In anticipation of the new law taking effect, employers should review and revise their leave policies. Businesses that already provide paid or unpaid time off — whether as sick days, personal days, or vacation days — that is as or more generous than the Act’s provisions and can be used under the same conditions will not be required to provide additional sick time under the Act.

New York City’s Unemployed Job Bias Bill

Also this year, the New York City Council enacted legislation prohibiting bias against unemployed job applicants. The law, which took effect on June 11, 2013, amended the New York City Human Rights law to bar employers from basing hiring decisions on employment status without a substantially job-related reason. It also prohibits employers from stating in job postings that current employment is a requirement for a position or that currently unemployed applicants need not apply. The City Council overrode Mayor Bloomberg’s veto and voted 43-4 to enact the law, which is the first of its kind to create a private right of action. New Jersey, Oregon, and the District of Columbia have also enacted legislation to protect unemployed job applicants from discriminatory hiring practices.

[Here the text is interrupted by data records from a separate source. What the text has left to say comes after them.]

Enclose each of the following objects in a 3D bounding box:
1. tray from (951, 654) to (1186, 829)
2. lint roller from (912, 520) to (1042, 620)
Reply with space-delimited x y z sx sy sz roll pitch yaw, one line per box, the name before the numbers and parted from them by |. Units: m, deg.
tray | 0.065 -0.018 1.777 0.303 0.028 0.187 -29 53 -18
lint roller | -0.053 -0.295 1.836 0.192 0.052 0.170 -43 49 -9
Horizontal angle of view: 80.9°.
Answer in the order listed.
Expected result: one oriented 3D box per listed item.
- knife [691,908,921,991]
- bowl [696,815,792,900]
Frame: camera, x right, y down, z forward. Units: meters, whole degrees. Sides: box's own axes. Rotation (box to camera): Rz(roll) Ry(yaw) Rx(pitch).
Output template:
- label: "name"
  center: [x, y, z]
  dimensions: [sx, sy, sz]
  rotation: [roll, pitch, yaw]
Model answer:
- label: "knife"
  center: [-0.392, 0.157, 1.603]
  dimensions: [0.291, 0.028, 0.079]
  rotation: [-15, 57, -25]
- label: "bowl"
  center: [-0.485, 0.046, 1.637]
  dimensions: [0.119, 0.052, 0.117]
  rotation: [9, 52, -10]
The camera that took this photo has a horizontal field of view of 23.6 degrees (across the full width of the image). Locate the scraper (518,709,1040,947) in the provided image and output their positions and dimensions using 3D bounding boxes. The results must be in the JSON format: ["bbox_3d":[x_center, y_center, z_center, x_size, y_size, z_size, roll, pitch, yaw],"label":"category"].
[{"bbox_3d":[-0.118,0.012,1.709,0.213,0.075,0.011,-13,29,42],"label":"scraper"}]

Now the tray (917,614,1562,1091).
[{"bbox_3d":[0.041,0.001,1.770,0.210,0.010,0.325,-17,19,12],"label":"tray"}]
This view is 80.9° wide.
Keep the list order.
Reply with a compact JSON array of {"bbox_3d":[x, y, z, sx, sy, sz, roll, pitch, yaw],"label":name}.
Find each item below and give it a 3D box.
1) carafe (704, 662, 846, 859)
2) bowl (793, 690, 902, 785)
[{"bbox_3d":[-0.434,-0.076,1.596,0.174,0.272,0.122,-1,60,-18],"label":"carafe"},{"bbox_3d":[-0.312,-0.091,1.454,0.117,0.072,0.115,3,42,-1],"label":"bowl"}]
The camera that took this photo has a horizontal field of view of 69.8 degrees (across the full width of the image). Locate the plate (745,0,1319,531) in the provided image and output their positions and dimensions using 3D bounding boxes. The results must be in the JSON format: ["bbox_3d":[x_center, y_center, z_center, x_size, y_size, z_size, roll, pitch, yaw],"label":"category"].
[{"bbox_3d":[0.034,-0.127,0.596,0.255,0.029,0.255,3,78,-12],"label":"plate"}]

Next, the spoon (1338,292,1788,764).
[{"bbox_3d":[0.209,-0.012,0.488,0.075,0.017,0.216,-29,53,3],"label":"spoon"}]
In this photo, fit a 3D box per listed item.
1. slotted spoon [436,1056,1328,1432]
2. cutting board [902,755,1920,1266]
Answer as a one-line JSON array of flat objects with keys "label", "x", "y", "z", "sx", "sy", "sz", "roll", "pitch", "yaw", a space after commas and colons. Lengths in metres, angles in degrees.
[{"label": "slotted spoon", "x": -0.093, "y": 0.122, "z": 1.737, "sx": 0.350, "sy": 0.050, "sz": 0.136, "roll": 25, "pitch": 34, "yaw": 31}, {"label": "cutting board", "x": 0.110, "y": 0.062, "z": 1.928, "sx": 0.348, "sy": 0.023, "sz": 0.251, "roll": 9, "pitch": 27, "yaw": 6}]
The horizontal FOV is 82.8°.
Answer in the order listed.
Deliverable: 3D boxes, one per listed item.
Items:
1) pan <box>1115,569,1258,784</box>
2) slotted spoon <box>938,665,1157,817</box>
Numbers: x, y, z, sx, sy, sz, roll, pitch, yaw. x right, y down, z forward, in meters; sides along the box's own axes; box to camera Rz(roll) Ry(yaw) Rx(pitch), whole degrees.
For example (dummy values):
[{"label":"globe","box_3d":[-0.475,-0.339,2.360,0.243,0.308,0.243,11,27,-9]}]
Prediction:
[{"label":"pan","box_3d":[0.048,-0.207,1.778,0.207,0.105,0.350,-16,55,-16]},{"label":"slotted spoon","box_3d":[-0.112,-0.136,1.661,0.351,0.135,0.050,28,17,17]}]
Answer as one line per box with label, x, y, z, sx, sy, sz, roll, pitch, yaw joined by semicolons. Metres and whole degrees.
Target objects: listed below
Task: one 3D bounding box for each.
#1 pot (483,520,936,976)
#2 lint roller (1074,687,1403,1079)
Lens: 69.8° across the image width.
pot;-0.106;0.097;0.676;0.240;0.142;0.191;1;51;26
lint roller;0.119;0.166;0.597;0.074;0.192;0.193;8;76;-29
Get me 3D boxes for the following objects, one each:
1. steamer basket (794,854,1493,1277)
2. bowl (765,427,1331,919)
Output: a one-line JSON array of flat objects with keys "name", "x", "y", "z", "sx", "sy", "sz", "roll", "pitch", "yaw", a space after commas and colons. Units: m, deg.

Discrimination claims arising under the new legislation may be filed in court or with the New York City Human Rights Commission, which will have the authority to order cessation of discriminatory practices, require the hiring of applicants who have been discriminated against, and impose penalties if an employer fails to comply with such orders.

Employers must take care to balance their search for top candidates with the new law’s requirements in order to minimize the risk of complaints or lawsuits. Businesses should change recruiting practices such as automatically screening out resumes that do not indicate current employment, and should make sure that job postings do not in any way suggest that currently unemployed candidates will not be considered. During the interview process, hiring managers should be sensitive to questions concerning periods of unemployment. Employers should also ensure that the hiring decision-making process is well-documented in order to demonstrate, in the event of a complaint or lawsuit, that decisions were based on reasons other than employment status.